There are three photo albums on my Flickr site: the Buda side with the castle, Matthais Church and Fisherman's Bastion; the more bustling Pest side, with its churches, synagogues, Opera House, majestic buildings and the right hand of a patron saint; and a combined album with shots crossing the Danube and on Margaret Island, an oasis in the middle of the Danube. 

Up next: A return trip to Berlin, this time with The Professor and He Who Can't Beat Me at FIFA 12, to take in one of Europe's most vibrant cities and watch the Bundesliga champions play Hertha Berlin.

07 February 2012

Not Prague, Part 10: Return to Vienna (or: Our Opera House is Your House)

I attended an opera tonight. Whoever lives closest to my Mom, please knock on her door and make sure she can get back off the floor. As for the rest of you, I'll follow up by telling you what I wore: a blue hooded sweatshirt, jeans and hiking boots.

Such is life when one decides, at the last minute, to attend a show at the Vienna State Opera House, which offers standing-room tickets for every show starting about 80 minutes before the curtain rises. The Opera House runs shows from the fall to the end of spring, and it often produces a new opera every night. That, along with the accessibility of standing-room tickets, makes it a popular destination for tourists (actual opera lovers optional).
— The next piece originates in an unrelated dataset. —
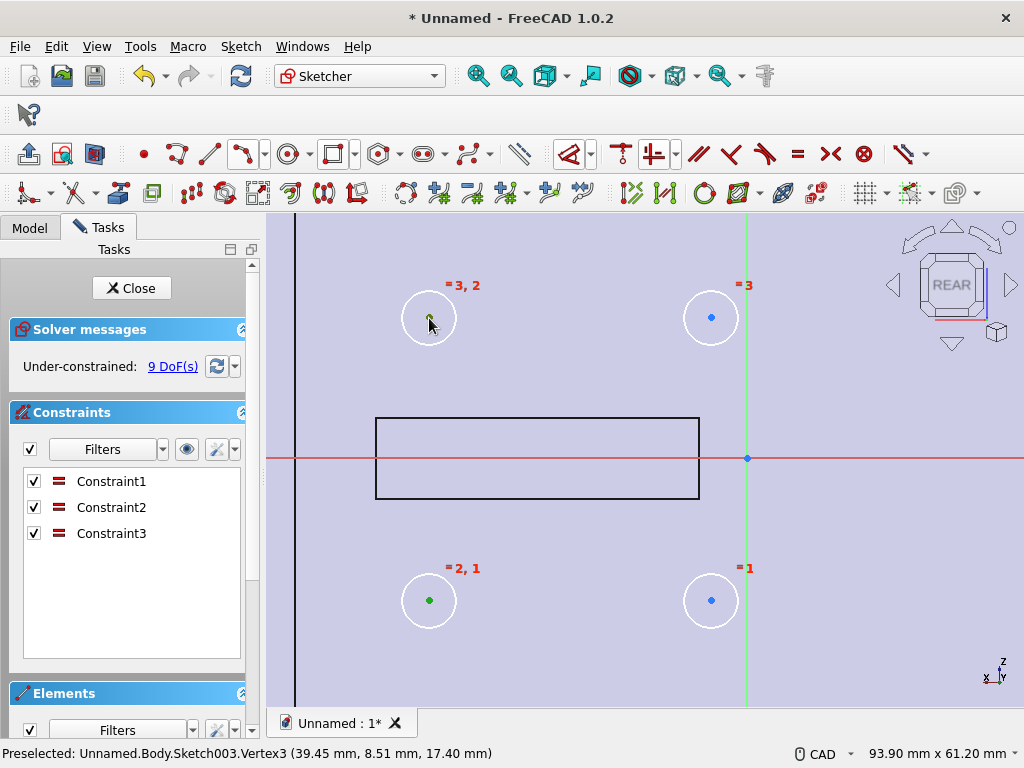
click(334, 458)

I had just completed a walk past some of Vienna's biggest, most audacious buildings when I realized I was standing at the Opera House. With no other plans for the veening, I figured I might as well see if there were tickets available. I met travelers from Seoul and Beijing, and we decided to go in together after we were finally let in out of the cold. We were directed down the hall where we found a very helful person with a handful of what looked like tickets. They were, in fact, programs for 90 Euro cents, and this being our first opera, we told ourselves, geez, these are pretty basic tickets. We eventually found the correct booth and bought standing-area seats, in the back facing the stage, for 4 Euros.

Our area featured a cross-section of sweatshirts, pullovers, suits and sweaters. Many of us had jeans on. (Those who bought reserved tickets were dressed more appropriately.) An usher handed us old white scarves to tie to the rail in front of us to mark our spots. In front of us was a small electronic screen that would show us the words, in English or German, that the performers would be singing. Before the show began, a female usher who had to be in her 20s stood in front of us and called out the etiquette: No whispering, no photos, no cell phones on, no leaving until one of the two 20-minute intermissions. And with a hush, the show began.

We watched Andrea Chenier, the story of a poet condemned to death during the French Revolution and his lover who chose to be executed with him rather than live without him. In other words, it was the second-saddest thing I saw this weekend.